Defo agree. But I will admit that the soundtrack is fire
i still enjoyed the crap out of it. Sometimes zoning out and just running around collecting stuff is just what I need.
I mean, that’s exactly what makes it so “mid” to my mind. It’s not an atrocious disaster like Gollum. It’s not appalling bad, or even moderately bad. It’s just mid. The shooting isn’t dreadful, just dull. The map, the movement, the exploration… None of it is exactly bad, but none of it left any kind of impression on me. Like you said, it scratches that “running around and collecting stuff” itch, the numbers go up, you unlock new powers, etc. But it all just kind of passes straight through you and at the end you’re left with “Well, that sure did kill a few hours.”

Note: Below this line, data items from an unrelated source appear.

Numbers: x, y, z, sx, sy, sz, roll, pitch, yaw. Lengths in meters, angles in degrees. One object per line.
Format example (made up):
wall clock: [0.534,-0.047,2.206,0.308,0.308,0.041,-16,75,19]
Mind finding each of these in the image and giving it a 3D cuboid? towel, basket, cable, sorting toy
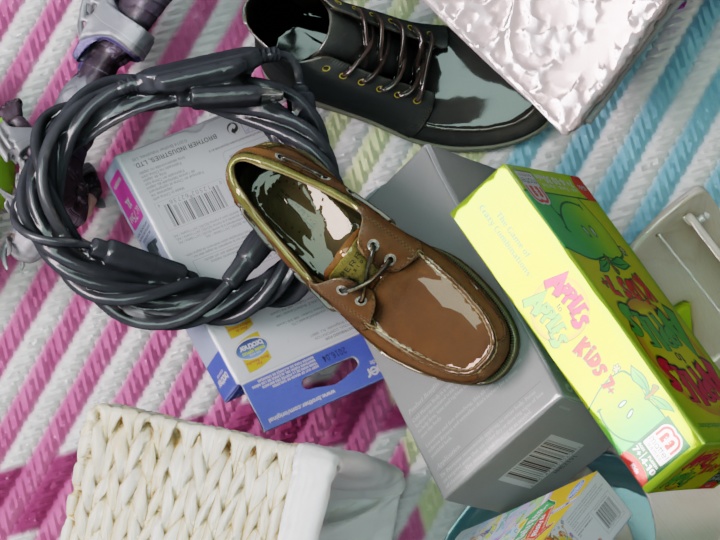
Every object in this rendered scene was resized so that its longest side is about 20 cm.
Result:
towel: [0.123,-0.215,1.589,0.191,0.032,0.200,47,116,21]
basket: [-0.084,0.191,1.564,0.160,0.200,0.199,12,85,13]
cable: [-0.111,-0.044,1.588,0.199,0.051,0.164,-14,93,-6]
sorting toy: [0.198,0.088,1.571,0.180,0.107,0.200,-37,69,3]

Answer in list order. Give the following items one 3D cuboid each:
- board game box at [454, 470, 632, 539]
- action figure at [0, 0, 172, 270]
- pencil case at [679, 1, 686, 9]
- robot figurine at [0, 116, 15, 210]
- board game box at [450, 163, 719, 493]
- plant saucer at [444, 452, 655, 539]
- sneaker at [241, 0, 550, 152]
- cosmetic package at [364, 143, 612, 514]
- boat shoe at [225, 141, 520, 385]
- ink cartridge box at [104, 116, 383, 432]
board game box: [0.054,0.202,1.471,0.034,0.134,0.200,50,49,-7]
action figure: [-0.182,-0.091,1.660,0.069,0.130,0.201,21,81,9]
pencil case: [0.152,-0.252,1.644,0.085,0.092,0.201,-21,78,3]
robot figurine: [-0.302,-0.040,1.678,0.200,0.116,0.175,-48,45,1]
board game box: [0.143,0.033,1.507,0.048,0.101,0.200,-42,69,21]
plant saucer: [0.140,0.212,1.609,0.199,0.027,0.201,-1,82,10]
sneaker: [0.023,-0.125,1.640,0.199,0.106,0.075,10,83,11]
cosmetic package: [0.068,0.035,1.575,0.107,0.090,0.200,-42,53,26]
boat shoe: [0.000,0.000,1.506,0.200,0.068,0.072,35,98,18]
ink cartridge box: [-0.063,-0.001,1.645,0.119,0.042,0.200,-23,74,-27]
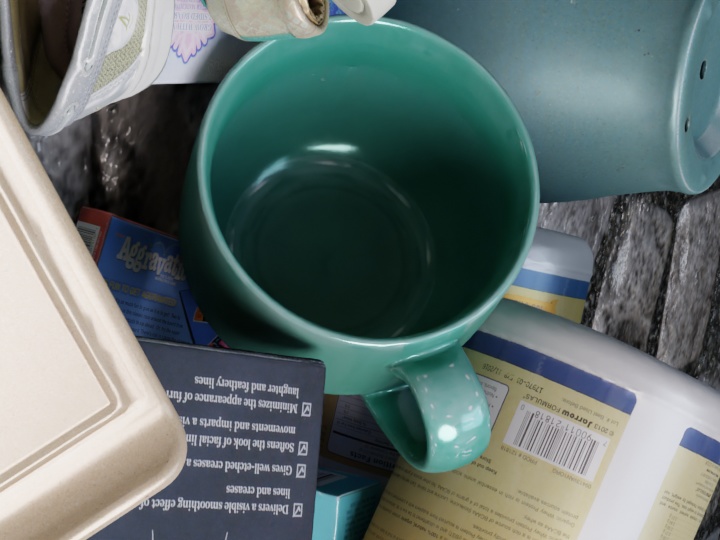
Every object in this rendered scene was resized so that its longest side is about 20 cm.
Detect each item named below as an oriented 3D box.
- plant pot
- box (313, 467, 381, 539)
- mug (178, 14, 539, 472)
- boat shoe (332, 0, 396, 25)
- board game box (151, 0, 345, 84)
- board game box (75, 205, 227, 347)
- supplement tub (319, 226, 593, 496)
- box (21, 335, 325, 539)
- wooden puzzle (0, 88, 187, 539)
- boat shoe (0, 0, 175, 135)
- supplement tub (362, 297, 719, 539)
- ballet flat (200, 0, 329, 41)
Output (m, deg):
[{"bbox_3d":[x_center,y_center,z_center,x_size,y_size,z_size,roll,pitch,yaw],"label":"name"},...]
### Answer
[{"bbox_3d":[0.116,-0.125,0.991,0.200,0.187,0.201,-38,135,-52],"label":"plant pot"},{"bbox_3d":[-0.046,0.198,0.895,0.049,0.082,0.201,-6,104,-63],"label":"box"},{"bbox_3d":[-0.009,-0.007,0.795,0.114,0.151,0.186,121,-18,-67],"label":"mug"},{"bbox_3d":[-0.030,-0.194,0.682,0.060,0.072,0.202,-35,104,-9],"label":"boat shoe"},{"bbox_3d":[-0.045,-0.186,0.809,0.200,0.041,0.200,-13,114,-60],"label":"board game box"},{"bbox_3d":[-0.088,0.038,0.859,0.200,0.019,0.103,22,84,-63],"label":"board game box"},{"bbox_3d":[0.039,0.065,0.981,0.145,0.144,0.201,7,96,-64],"label":"supplement tub"},{"bbox_3d":[-0.106,0.125,0.695,0.148,0.107,0.201,12,80,-49],"label":"box"},{"bbox_3d":[-0.171,0.031,0.557,0.185,0.037,0.200,-33,121,-13],"label":"wooden puzzle"},{"bbox_3d":[-0.110,-0.150,0.667,0.065,0.074,0.203,-46,148,-52],"label":"boat shoe"},{"bbox_3d":[0.079,0.128,0.847,0.201,0.144,0.144,-65,153,-4],"label":"supplement tub"},{"bbox_3d":[-0.014,-0.192,0.750,0.067,0.062,0.201,10,93,-61],"label":"ballet flat"}]
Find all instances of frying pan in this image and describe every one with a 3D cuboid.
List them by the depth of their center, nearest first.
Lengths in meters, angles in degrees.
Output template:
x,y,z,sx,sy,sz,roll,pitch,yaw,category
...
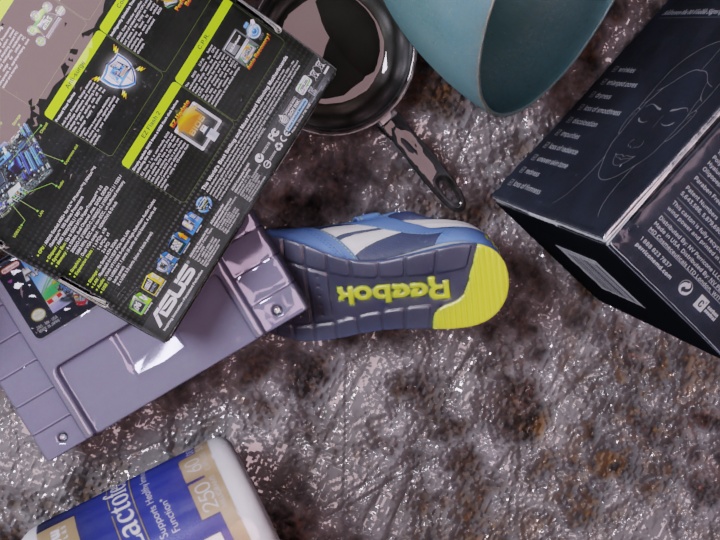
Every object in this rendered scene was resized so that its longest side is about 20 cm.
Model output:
x,y,z,sx,sy,sz,roll,pitch,yaw,category
0.013,-0.132,0.895,0.190,0.031,0.115,27,93,-19,frying pan

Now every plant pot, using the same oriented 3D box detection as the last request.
x,y,z,sx,sy,sz,roll,pitch,yaw,category
0.079,-0.217,0.832,0.135,0.200,0.200,34,91,21,plant pot

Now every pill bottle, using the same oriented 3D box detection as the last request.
x,y,z,sx,sy,sz,roll,pitch,yaw,category
-0.153,0.201,0.868,0.200,0.116,0.116,-26,104,-8,pill bottle

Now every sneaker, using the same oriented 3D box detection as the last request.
x,y,z,sx,sy,sz,roll,pitch,yaw,category
0.000,0.000,0.898,0.200,0.082,0.074,2,114,6,sneaker

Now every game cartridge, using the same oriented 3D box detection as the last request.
x,y,z,sx,sy,sz,roll,pitch,yaw,category
-0.150,0.019,0.853,0.200,0.038,0.130,-31,98,5,game cartridge

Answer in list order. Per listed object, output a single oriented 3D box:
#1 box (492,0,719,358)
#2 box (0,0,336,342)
x,y,z,sx,sy,sz,roll,pitch,yaw,category
0.220,-0.070,0.865,0.124,0.200,0.197,41,89,-17,box
-0.143,-0.088,0.773,0.193,0.048,0.200,32,87,-23,box
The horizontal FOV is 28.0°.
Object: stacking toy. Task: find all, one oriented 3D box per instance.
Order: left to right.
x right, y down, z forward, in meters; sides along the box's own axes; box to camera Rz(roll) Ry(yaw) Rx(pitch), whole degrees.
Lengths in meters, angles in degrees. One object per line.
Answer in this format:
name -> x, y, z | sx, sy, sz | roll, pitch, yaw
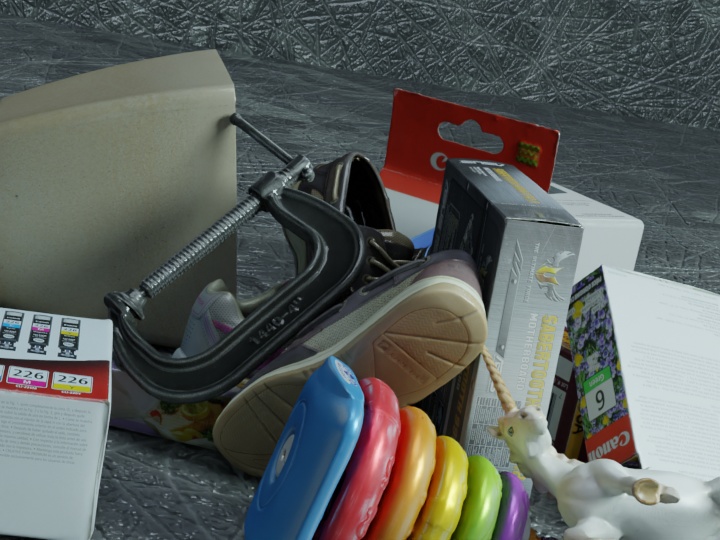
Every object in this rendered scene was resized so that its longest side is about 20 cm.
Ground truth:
stacking toy -> 0.048, 0.135, 0.765 | 0.199, 0.110, 0.116 | 24, 6, -10

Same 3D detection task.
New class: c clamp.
c clamp -> -0.087, -0.004, 0.928 | 0.170, 0.027, 0.200 | 30, 62, 31

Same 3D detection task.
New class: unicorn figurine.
unicorn figurine -> 0.144, 0.114, 0.731 | 0.199, 0.074, 0.137 | 25, -1, -4

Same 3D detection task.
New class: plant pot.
plant pot -> -0.190, -0.058, 1.112 | 0.176, 0.201, 0.200 | -1, 17, -9

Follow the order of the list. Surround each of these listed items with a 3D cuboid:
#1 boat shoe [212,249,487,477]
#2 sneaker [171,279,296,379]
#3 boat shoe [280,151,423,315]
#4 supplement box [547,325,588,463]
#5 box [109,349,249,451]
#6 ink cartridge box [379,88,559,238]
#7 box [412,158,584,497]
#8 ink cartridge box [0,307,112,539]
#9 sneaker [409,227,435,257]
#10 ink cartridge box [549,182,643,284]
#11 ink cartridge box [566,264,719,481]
boat shoe -> -0.004, 0.055, 0.837 | 0.072, 0.200, 0.065 | 43, 32, -15
sneaker -> -0.031, 0.054, 0.986 | 0.199, 0.089, 0.081 | 6, 15, -22
boat shoe -> 0.000, 0.000, 0.947 | 0.074, 0.073, 0.201 | 15, 42, -40
supplement box -> 0.197, 0.084, 1.057 | 0.199, 0.086, 0.110 | 2, 18, -34
box -> -0.137, 0.078, 0.911 | 0.199, 0.039, 0.041 | 13, 15, 5
ink cartridge box -> 0.064, -0.029, 1.150 | 0.162, 0.201, 0.050 | 19, 20, 32
box -> 0.073, 0.045, 0.879 | 0.048, 0.201, 0.158 | 6, 14, -11
ink cartridge box -> -0.240, 0.065, 0.789 | 0.199, 0.084, 0.176 | 8, 14, -12
sneaker -> 0.043, 0.023, 1.065 | 0.199, 0.070, 0.078 | -31, 38, 4
ink cartridge box -> 0.128, -0.003, 1.214 | 0.084, 0.146, 0.200 | 0, 18, -35
ink cartridge box -> 0.196, 0.102, 0.920 | 0.108, 0.050, 0.201 | 13, 56, -28
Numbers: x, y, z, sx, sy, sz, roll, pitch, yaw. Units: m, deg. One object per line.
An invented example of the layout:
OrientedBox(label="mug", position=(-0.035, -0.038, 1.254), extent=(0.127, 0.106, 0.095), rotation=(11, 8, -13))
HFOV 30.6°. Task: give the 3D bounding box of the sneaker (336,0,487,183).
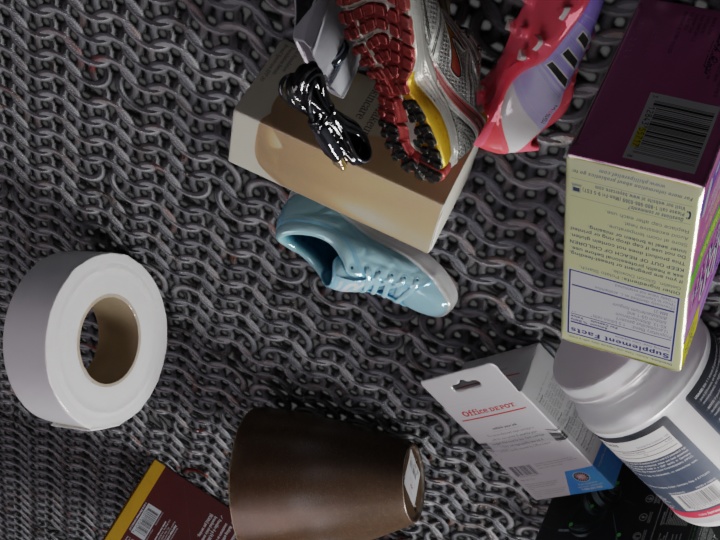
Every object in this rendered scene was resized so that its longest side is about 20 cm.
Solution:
OrientedBox(label="sneaker", position=(0.043, -0.169, 0.985), extent=(0.077, 0.082, 0.201), rotation=(22, 141, 41))

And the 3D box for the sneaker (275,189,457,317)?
OrientedBox(label="sneaker", position=(0.000, 0.000, 1.293), extent=(0.199, 0.082, 0.074), rotation=(33, 146, -4))

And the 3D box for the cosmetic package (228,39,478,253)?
OrientedBox(label="cosmetic package", position=(-0.004, -0.109, 1.144), extent=(0.198, 0.106, 0.071), rotation=(24, 145, 6))

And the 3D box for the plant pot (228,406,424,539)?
OrientedBox(label="plant pot", position=(-0.030, 0.253, 1.568), extent=(0.198, 0.188, 0.188), rotation=(-4, 135, 18))

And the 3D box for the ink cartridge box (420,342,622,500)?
OrientedBox(label="ink cartridge box", position=(0.171, 0.146, 1.362), extent=(0.200, 0.068, 0.116), rotation=(45, 142, -21))

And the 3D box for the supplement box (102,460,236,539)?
OrientedBox(label="supplement box", position=(-0.278, 0.425, 1.913), extent=(0.199, 0.198, 0.133), rotation=(33, 145, -4))

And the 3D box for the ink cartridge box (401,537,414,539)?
OrientedBox(label="ink cartridge box", position=(0.078, 0.457, 1.834), extent=(0.200, 0.045, 0.176), rotation=(44, 142, -18))

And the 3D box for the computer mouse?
OrientedBox(label="computer mouse", position=(-0.021, -0.176, 1.011), extent=(0.044, 0.201, 0.110), rotation=(-18, 138, 20))

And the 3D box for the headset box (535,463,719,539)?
OrientedBox(label="headset box", position=(0.278, 0.295, 1.377), extent=(0.199, 0.175, 0.093), rotation=(-7, 131, 39))

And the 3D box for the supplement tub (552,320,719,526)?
OrientedBox(label="supplement tub", position=(0.283, 0.121, 1.189), extent=(0.200, 0.141, 0.140), rotation=(44, 143, -19))

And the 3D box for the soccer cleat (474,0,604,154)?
OrientedBox(label="soccer cleat", position=(0.145, -0.161, 1.022), extent=(0.076, 0.067, 0.200), rotation=(7, 145, -21))

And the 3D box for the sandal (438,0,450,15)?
OrientedBox(label="sandal", position=(0.040, -0.244, 0.995), extent=(0.079, 0.058, 0.201), rotation=(18, 158, 7))

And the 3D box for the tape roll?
OrientedBox(label="tape roll", position=(-0.312, 0.079, 1.509), extent=(0.070, 0.203, 0.203), rotation=(2, 137, 32))

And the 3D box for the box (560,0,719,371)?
OrientedBox(label="box", position=(0.222, -0.062, 0.975), extent=(0.096, 0.177, 0.201), rotation=(16, 142, 19))
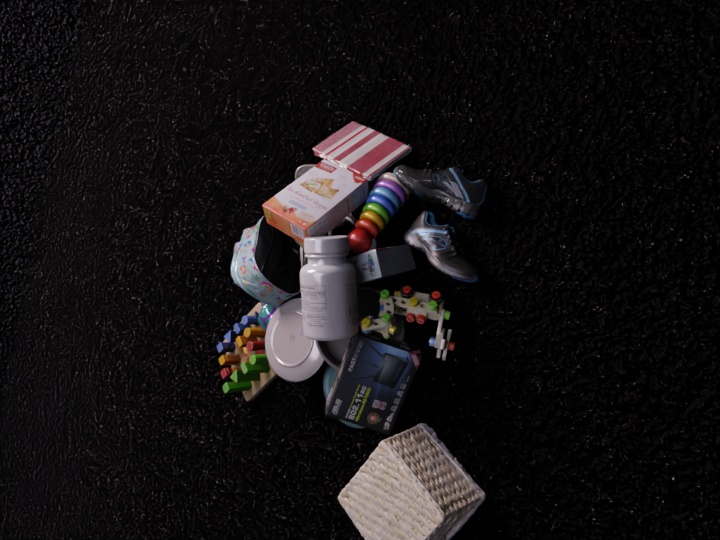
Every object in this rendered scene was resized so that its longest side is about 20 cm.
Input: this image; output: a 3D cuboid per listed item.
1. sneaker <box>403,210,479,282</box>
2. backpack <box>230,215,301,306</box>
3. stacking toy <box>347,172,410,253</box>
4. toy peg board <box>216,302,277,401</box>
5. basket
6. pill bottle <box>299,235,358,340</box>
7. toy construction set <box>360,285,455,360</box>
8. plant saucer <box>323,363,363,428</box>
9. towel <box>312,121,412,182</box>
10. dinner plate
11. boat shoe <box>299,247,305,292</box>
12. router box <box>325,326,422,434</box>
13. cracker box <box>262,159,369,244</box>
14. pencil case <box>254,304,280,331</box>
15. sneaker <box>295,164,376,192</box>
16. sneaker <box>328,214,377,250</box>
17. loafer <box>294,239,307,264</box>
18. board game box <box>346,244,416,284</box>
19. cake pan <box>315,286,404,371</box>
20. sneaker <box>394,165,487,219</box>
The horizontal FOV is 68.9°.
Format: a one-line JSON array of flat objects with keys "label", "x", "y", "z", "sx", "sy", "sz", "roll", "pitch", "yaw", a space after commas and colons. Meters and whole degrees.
[{"label": "sneaker", "x": 0.175, "y": -0.049, "z": 1.092, "sx": 0.200, "sy": 0.073, "sz": 0.082, "roll": 42, "pitch": 110, "yaw": 32}, {"label": "backpack", "x": -0.229, "y": -0.011, "z": 1.307, "sx": 0.151, "sy": 0.178, "sz": 0.200, "roll": -33, "pitch": 40, "yaw": 25}, {"label": "stacking toy", "x": 0.032, "y": -0.119, "z": 1.142, "sx": 0.085, "sy": 0.085, "sz": 0.200, "roll": 7, "pitch": 53, "yaw": 38}, {"label": "toy peg board", "x": -0.316, "y": 0.223, "z": 1.430, "sx": 0.200, "sy": 0.098, "sz": 0.199, "roll": -45, "pitch": 61, "yaw": 25}, {"label": "basket", "x": 0.096, "y": 0.449, "z": 1.047, "sx": 0.200, "sy": 0.161, "sz": 0.198, "roll": 47, "pitch": 114, "yaw": 33}, {"label": "pill bottle", "x": -0.064, "y": 0.032, "z": 1.060, "sx": 0.114, "sy": 0.114, "sz": 0.200, "roll": 3, "pitch": 99, "yaw": 38}, {"label": "toy construction set", "x": 0.108, "y": 0.103, "z": 1.088, "sx": 0.200, "sy": 0.131, "sz": 0.092, "roll": 20, "pitch": 141, "yaw": 3}, {"label": "plant saucer", "x": -0.021, "y": 0.271, "z": 1.234, "sx": 0.200, "sy": 0.036, "sz": 0.200, "roll": -5, "pitch": 82, "yaw": 38}, {"label": "towel", "x": 0.002, "y": -0.282, "z": 1.233, "sx": 0.144, "sy": 0.023, "sz": 0.200, "roll": -40, "pitch": 52, "yaw": -22}, {"label": "dinner plate", "x": -0.160, "y": 0.165, "z": 1.258, "sx": 0.200, "sy": 0.024, "sz": 0.200, "roll": -7, "pitch": 77, "yaw": 31}, {"label": "boat shoe", "x": -0.104, "y": 0.010, "z": 1.302, "sx": 0.066, "sy": 0.074, "sz": 0.200, "roll": -24, "pitch": 61, "yaw": 39}, {"label": "router box", "x": 0.026, "y": 0.236, "z": 1.129, "sx": 0.150, "sy": 0.062, "sz": 0.200, "roll": 19, "pitch": 101, "yaw": -7}, {"label": "cracker box", "x": -0.094, "y": -0.153, "z": 1.150, "sx": 0.134, "sy": 0.200, "sz": 0.058, "roll": 29, "pitch": 146, "yaw": 29}, {"label": "pencil case", "x": -0.179, "y": 0.152, "z": 1.338, "sx": 0.200, "sy": 0.085, "sz": 0.092, "roll": 34, "pitch": 133, "yaw": 34}, {"label": "sneaker", "x": -0.051, "y": -0.234, "z": 1.294, "sx": 0.200, "sy": 0.106, "sz": 0.075, "roll": 10, "pitch": 108, "yaw": 10}, {"label": "sneaker", "x": -0.049, "y": -0.107, "z": 1.261, "sx": 0.200, "sy": 0.090, "sz": 0.066, "roll": 44, "pitch": 110, "yaw": 33}, {"label": "loafer", "x": -0.128, "y": -0.071, "z": 1.242, "sx": 0.200, "sy": 0.070, "sz": 0.075, "roll": -102, "pitch": 14, "yaw": -58}, {"label": "board game box", "x": 0.000, "y": 0.000, "z": 1.172, "sx": 0.200, "sy": 0.147, "sz": 0.064, "roll": -18, "pitch": 85, "yaw": 35}, {"label": "cake pan", "x": -0.003, "y": 0.132, "z": 1.167, "sx": 0.200, "sy": 0.037, "sz": 0.200, "roll": 0, "pitch": 96, "yaw": -2}, {"label": "sneaker", "x": 0.167, "y": -0.180, "z": 1.094, "sx": 0.200, "sy": 0.073, "sz": 0.082, "roll": 27, "pitch": 93, "yaw": 13}]

Horizon: Zero Dawn suffers from all the usual modern open world hallmarks, the map littered with things to collect, the towers, the grinding to level up abilities, etc, etc. But the story is an absolute banger, and even a lot of the random collectible junk is full of little moments of deeply moving storytelling. I remember collecting every single one of the vantage points because I absolutely needed to hear all of the short story you unlock by doing it. It has zero relevance to the plot, but it’s just a great piece of writing. In comparison Ghost Wire is just, sort of… There.